How to find the limit of trig functions in exponents? In my Calculus course, I am studying exponential functions and their involvement in limits.  I do not understand why the answer to the following problem is $0$.
$$
\lim_{ x \to \frac{\pi}{2}+} e^{\tan x}
$$
Since $\tan(\pi/2)$ obviously does not exist, I don't understand how to determine what the limit is from the right side.  All the explanations I have found online don't really make sense so I would really appreciate an easy to understand response.  Thanks.

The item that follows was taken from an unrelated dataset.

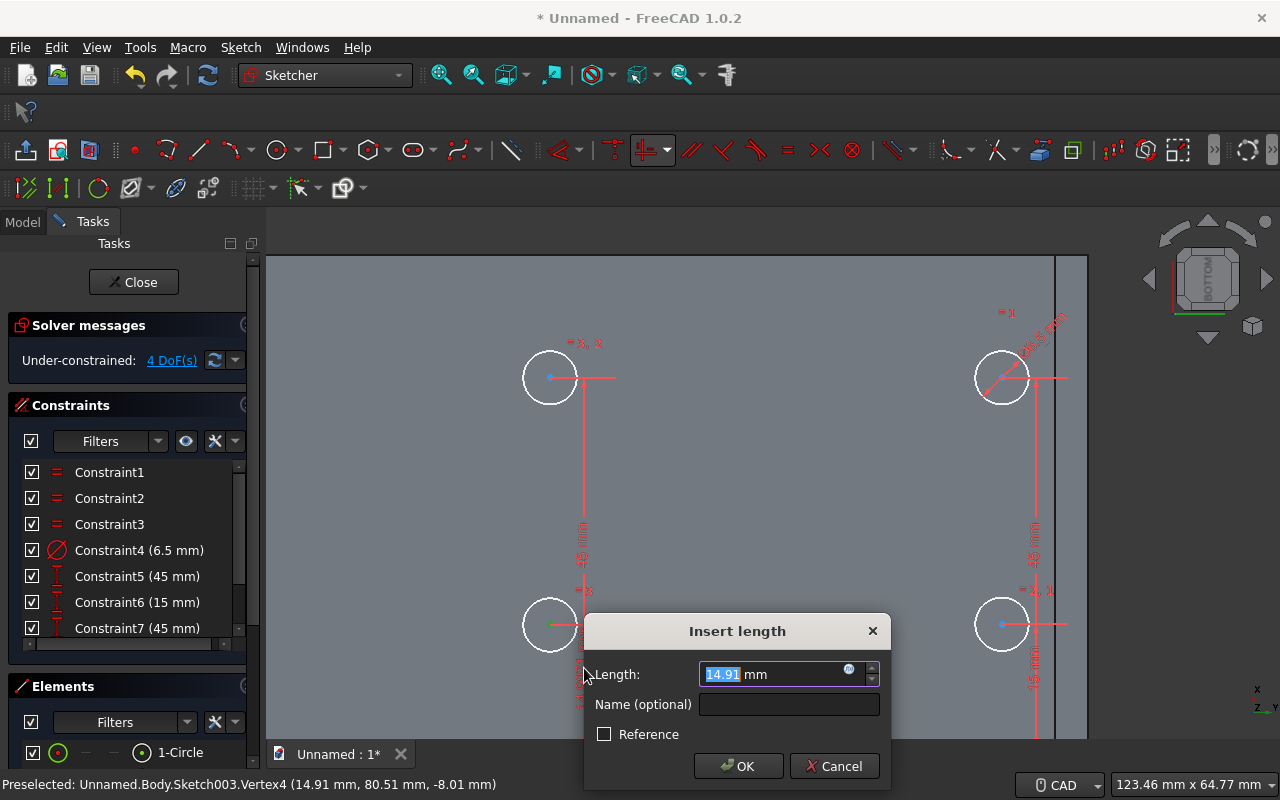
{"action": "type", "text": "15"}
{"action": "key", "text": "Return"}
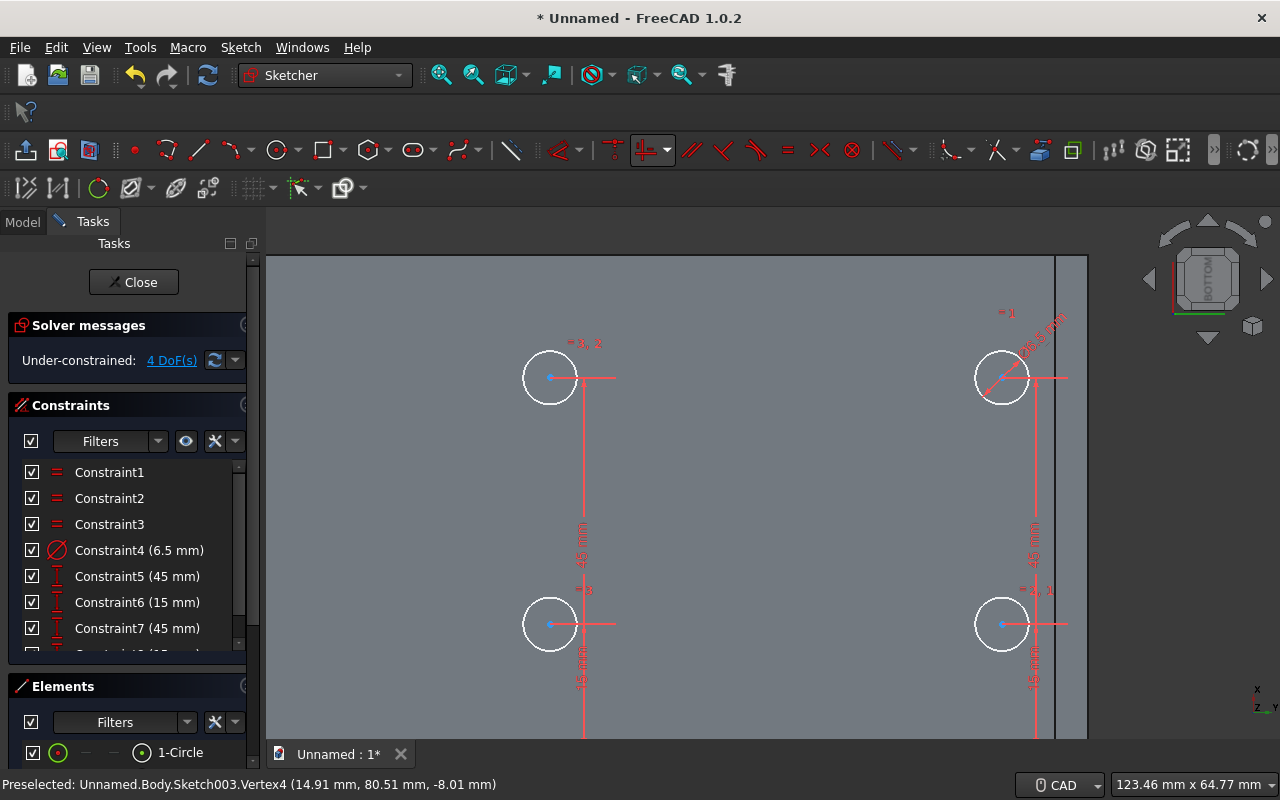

 A: The main point is that $x$ is tending to $\frac{\pi}{2}$ from the right, from the graph of tan $x$, when $x$ is very near to $\frac{\pi}{2}$ but greater than $\frac{\pi}{2}$, the value of tan x decreases to a number as negative as you wish, which is $-\infty$ naively, and $e^{-\infty}$=0 as you can interpret that as $e$ to a very negative number which tends to 0
A: Since $y=e^x$ is a continuous function we have:
$$
\lim_{x\to \pi/2} e^{\tan x}=e^{\lim_{x\to \pi/2} \tan x}
$$
You are correct to say that $\lim_{x\to \pi/2} \tan x$ does not exists, but there exists the two limits ( from left and from right):
$$
\lim_{x\to \pi/2^-} \tan x=+\infty \quad and \quad \lim_{x\to \pi/2^+} \tan x=-\infty
$$ 
so there exists also two limits for the exponential of $\tan x$:
$$
e^{\lim_{x\to \pi/2^-} \tan x}=e^{+\infty}=+\infty \quad and \quad e^{\lim_{x\to \pi/2^+} \tan x}=e^{-\infty}=0
$$
A: The simple explanation comes from using the basic definition of the tangent function. $$ \lim_{x \to \pi/2} \sin(x) = 1 \,\,\, \text{and}\,\,\, \lim_{x \to \pi/2} \cos(x) = 0 $$
Since you're just in calculus it should suffice to just think of $\frac{1}{0}$ as equivalent to $\pm \infty$.
Now recall that $\cos(x)$ is negative if $\pi/2<x<\pi$.
Therefore, numbers really close to $\pi/2$ and greater than $\pi/2$ will yield values for the tangent function that approach -$\infty$. As others have said already, this gives the exponential function a value of $0$.